Andrew Dubber has a great take on the "piracy" issue as it relates to music:
I'd also suggest that piracy is not something that tends to happen on the scale that the mainstream media seems to suggest. Unauthorised duplication goes on, but not piracy. The idea that these two things are the same is one that major record labels tend to be quite fond of, but it bears no resemblance to either external reality, or what words actually mean.
The key question to ask yourself is whether those unauthorized copies actually represent a lost sale or not. As Andrew puts it:
When asking "Should I be worried about piracy?" the real underlying question is about whether there is a significant potential loss of income as a result of unauthorised copying. And here we're talking about what's generally referred to as the "Lost Sale".

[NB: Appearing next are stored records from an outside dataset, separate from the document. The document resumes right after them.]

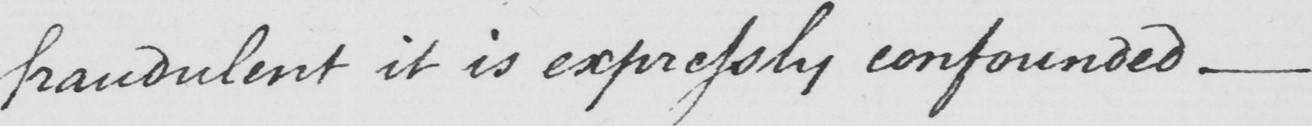What is written in this line of handwriting? fraudulent it is expressly confounded  _ 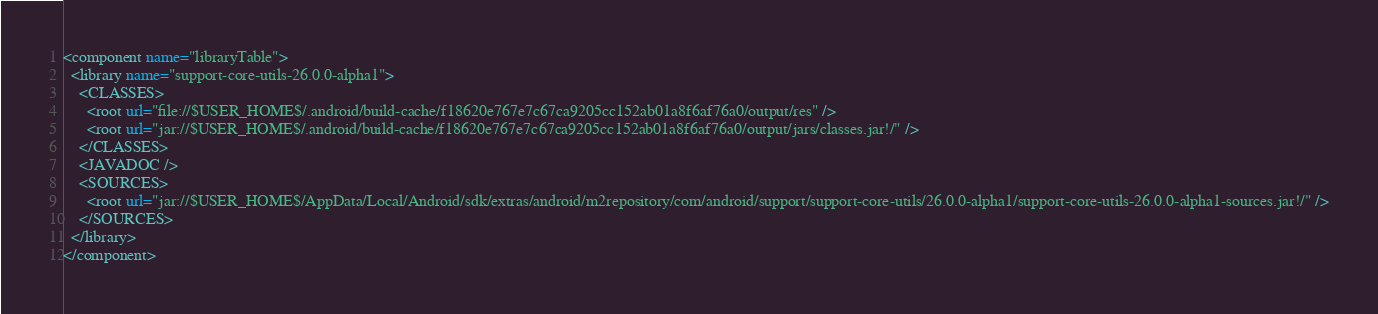Convert code to text. <code><loc_0><loc_0><loc_500><loc_500><_XML_><component name="libraryTable">
  <library name="support-core-utils-26.0.0-alpha1">
    <CLASSES>
      <root url="file://$USER_HOME$/.android/build-cache/f18620e767e7c67ca9205cc152ab01a8f6af76a0/output/res" />
      <root url="jar://$USER_HOME$/.android/build-cache/f18620e767e7c67ca9205cc152ab01a8f6af76a0/output/jars/classes.jar!/" />
    </CLASSES>
    <JAVADOC />
    <SOURCES>
      <root url="jar://$USER_HOME$/AppData/Local/Android/sdk/extras/android/m2repository/com/android/support/support-core-utils/26.0.0-alpha1/support-core-utils-26.0.0-alpha1-sources.jar!/" />
    </SOURCES>
  </library>
</component></code>

The one off copies aren't costing you much, and can't be stopped anyway - it's the organized, mass copying efforts (organized crime) that are a real problem. In general, when a copy floats to someone through a peer network, the liklihood of a future purchase of new music probably goes up. The person listening to music on the radio didn't pay directly, but the hope is, it will drive a sale. The same goes for peer sharing. The only thing lost is the ad revenue (and that was mostly a mutually agreed upon fiction anyway).
In the PR game, some people say that any publicity (good or bad) is a net positive. I wouldn't go that far, but with peer music sharing, it is true - the individual level sharing of music should be looked at as ad hoc marketing. The beauty of it is, you don't have to pay an agency for it, and it's almost certainly more effective.